-- DATA LISTING follows --

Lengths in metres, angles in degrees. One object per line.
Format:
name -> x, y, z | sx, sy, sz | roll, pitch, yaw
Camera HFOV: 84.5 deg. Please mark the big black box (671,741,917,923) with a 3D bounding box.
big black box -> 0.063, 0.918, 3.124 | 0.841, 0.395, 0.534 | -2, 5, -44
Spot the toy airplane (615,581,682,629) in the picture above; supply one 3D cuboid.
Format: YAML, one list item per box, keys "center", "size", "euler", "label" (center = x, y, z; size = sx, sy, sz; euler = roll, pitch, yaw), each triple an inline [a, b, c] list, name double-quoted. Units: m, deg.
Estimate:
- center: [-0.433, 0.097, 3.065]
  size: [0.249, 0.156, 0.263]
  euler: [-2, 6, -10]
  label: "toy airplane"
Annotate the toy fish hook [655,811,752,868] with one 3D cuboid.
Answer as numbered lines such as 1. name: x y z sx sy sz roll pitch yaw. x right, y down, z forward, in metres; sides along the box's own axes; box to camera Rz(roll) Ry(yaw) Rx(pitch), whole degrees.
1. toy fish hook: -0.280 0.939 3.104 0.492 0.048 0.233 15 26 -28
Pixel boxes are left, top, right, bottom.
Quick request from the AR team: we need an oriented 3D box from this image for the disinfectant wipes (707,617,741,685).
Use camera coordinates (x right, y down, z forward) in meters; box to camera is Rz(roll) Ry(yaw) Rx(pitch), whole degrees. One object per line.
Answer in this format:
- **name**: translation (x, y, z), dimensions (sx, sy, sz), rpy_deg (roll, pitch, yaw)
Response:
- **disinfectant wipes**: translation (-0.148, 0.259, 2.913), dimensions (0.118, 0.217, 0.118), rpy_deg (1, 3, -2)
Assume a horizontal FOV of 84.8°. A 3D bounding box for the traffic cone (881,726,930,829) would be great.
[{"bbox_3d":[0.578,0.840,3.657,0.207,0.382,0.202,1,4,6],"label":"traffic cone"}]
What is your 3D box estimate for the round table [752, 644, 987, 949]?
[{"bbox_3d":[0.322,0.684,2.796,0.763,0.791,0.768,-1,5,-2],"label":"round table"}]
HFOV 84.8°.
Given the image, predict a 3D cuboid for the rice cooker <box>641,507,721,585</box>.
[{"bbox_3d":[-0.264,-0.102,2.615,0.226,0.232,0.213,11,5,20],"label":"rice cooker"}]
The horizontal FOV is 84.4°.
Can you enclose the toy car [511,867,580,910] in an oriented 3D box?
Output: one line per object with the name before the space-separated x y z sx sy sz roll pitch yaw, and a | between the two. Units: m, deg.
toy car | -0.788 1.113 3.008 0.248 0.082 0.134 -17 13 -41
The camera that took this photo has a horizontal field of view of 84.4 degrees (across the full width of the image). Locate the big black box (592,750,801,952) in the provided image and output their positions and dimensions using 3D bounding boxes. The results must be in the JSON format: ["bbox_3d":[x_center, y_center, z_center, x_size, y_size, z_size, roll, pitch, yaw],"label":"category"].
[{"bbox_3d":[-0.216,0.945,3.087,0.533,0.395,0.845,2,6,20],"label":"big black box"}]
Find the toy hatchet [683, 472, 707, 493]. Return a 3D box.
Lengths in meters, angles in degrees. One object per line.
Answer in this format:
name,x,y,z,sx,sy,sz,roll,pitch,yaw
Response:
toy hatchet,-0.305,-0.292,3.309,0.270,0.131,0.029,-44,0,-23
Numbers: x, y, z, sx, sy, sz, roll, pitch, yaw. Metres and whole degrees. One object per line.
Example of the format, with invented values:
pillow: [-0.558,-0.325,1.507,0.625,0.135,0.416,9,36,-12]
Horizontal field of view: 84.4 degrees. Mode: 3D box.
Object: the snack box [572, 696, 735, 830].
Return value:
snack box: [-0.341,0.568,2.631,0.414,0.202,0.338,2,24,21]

-- DATA LISTING concluded --

§ **WORK INSTRUCTION**
Copy every line of the data above, beginning with the first and ending with the line that contains "Spot the toy", and give nothing more.

§ **OUTPUT OF THE TASK**
Lengths in metres, angles in degrees. One object per line.
Format:
name -> x, y, z | sx, sy, sz | roll, pitch, yaw
Camera HFOV: 84.5 deg. Please mark the big black box (671,741,917,923) with a 3D bounding box.
big black box -> 0.063, 0.918, 3.124 | 0.841, 0.395, 0.534 | -2, 5, -44
Spot the toy airplane (615,581,682,629) in the picture above; supply one 3D cuboid.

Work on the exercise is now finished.